Provided entries: Begin

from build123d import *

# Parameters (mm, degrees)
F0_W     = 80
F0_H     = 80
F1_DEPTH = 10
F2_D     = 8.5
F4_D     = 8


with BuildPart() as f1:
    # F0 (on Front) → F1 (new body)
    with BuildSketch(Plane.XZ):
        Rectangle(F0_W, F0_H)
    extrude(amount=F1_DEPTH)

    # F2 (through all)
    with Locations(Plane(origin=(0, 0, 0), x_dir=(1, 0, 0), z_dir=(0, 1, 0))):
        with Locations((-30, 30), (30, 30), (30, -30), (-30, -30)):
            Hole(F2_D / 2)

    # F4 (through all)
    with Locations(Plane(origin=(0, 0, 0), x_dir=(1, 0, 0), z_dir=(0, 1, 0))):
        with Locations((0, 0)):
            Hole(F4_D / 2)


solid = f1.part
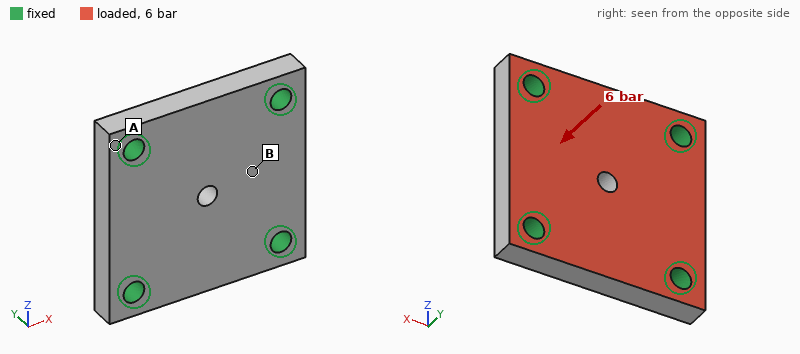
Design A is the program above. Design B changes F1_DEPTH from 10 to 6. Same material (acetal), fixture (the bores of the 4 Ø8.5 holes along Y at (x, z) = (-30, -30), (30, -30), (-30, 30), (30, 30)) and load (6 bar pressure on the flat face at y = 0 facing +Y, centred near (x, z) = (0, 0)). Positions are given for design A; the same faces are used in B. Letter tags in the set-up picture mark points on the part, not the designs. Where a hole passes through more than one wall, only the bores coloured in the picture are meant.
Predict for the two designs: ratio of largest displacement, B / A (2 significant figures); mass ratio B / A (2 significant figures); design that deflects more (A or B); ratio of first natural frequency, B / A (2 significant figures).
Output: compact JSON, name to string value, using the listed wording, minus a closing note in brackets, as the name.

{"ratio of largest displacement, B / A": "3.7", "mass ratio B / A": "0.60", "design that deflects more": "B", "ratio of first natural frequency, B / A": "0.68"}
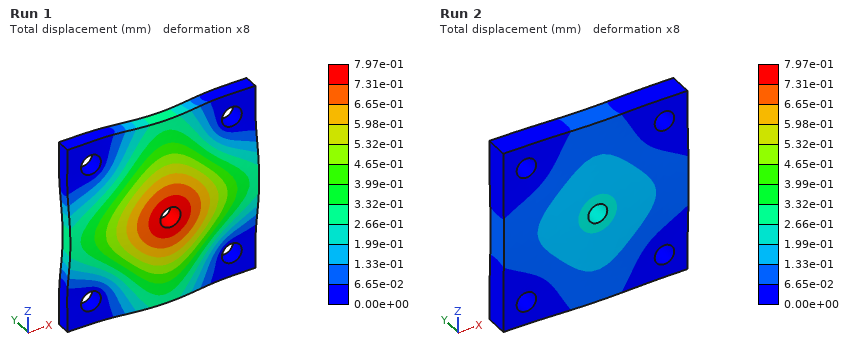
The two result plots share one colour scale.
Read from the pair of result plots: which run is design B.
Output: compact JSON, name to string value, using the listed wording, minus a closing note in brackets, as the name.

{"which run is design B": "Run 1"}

Provided entries: End
Provided entries: Begin

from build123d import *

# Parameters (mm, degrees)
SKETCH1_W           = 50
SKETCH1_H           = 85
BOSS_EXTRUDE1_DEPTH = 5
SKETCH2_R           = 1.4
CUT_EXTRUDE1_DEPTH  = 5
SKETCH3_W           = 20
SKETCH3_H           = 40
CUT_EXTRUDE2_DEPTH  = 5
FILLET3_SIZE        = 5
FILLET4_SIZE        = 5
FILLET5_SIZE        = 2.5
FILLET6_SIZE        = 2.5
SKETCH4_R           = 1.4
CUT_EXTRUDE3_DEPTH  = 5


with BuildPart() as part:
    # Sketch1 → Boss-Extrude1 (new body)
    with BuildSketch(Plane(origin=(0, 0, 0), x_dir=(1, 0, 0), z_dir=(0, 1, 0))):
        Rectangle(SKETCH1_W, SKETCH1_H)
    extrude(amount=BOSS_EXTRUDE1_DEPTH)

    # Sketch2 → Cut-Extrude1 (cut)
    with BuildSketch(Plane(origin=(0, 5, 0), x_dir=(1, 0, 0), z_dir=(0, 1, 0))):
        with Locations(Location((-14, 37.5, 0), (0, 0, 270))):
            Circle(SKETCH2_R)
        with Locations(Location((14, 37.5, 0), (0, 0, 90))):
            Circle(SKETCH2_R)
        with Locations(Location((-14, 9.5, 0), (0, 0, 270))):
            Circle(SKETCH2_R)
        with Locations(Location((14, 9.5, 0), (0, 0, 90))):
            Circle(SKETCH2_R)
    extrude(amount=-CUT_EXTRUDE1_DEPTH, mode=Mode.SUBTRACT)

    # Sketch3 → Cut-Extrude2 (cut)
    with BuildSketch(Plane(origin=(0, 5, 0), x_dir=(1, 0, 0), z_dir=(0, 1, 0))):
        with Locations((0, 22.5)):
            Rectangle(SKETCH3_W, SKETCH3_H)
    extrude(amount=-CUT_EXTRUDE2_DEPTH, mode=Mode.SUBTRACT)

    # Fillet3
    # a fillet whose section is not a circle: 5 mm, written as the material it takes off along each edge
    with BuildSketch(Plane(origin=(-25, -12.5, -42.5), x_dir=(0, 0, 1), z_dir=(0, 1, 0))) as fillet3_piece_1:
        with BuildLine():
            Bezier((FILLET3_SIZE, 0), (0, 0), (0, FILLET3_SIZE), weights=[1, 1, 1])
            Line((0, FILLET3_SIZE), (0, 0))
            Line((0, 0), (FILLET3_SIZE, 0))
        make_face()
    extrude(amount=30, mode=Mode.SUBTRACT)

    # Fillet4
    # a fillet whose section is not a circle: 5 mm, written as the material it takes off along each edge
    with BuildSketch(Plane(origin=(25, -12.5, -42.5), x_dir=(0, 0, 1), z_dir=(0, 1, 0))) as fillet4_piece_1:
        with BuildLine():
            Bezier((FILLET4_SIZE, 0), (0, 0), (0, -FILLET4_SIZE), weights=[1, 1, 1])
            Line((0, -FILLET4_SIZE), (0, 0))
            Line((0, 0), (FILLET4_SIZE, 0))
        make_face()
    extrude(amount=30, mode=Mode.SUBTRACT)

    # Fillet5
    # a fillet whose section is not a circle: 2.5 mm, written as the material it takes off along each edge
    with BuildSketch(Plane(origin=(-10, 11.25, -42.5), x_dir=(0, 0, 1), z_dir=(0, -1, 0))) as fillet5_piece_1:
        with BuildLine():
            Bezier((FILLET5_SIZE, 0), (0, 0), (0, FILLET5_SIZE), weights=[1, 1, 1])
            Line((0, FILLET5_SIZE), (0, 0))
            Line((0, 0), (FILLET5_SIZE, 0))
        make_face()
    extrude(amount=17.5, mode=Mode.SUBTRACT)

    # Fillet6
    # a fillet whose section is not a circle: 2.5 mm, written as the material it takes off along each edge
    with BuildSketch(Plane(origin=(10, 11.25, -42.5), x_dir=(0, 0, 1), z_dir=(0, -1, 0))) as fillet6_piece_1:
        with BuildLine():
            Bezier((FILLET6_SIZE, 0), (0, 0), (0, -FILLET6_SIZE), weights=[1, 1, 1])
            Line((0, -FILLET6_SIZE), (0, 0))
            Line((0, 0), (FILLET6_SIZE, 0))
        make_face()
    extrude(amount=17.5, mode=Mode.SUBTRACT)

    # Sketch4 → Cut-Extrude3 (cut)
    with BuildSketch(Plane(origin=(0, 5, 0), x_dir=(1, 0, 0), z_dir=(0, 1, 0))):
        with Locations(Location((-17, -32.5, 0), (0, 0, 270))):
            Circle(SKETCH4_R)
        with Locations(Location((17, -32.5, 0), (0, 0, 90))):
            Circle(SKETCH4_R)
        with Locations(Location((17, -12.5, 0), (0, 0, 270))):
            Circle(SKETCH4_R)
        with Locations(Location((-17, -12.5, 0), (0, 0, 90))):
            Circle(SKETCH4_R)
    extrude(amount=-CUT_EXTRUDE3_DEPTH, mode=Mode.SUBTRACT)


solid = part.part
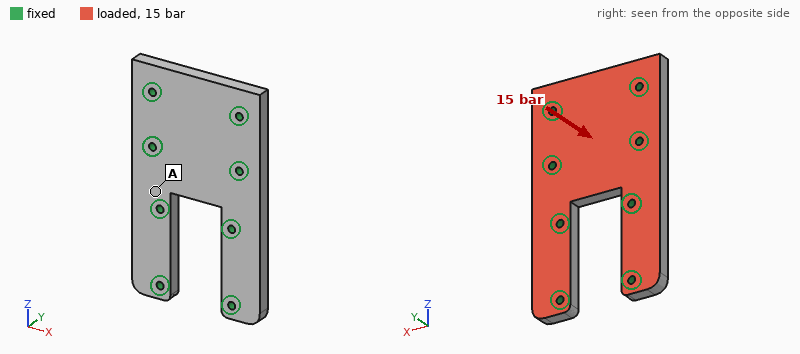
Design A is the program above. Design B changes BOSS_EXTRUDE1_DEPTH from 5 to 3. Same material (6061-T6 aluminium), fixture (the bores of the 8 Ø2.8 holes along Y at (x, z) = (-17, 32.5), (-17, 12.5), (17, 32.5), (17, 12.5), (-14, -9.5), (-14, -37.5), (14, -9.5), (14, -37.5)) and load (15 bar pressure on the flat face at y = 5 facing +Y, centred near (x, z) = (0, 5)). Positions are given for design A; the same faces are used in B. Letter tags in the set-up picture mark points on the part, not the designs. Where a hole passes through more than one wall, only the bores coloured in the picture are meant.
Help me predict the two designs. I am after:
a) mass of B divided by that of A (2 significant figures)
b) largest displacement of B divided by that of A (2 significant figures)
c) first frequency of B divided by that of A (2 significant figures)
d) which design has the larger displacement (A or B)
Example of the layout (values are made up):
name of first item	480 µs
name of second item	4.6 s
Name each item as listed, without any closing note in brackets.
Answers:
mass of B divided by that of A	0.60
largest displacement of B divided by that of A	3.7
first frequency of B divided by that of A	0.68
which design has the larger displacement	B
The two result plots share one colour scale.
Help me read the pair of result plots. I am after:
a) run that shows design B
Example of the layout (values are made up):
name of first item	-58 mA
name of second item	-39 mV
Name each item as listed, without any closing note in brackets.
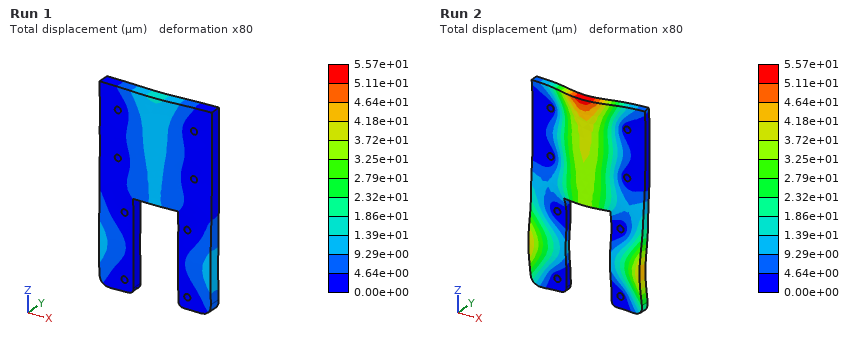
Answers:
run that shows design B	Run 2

Provided entries: End

# Your objective
State only the number of lines above that contain the word "after".

# Output of the task
2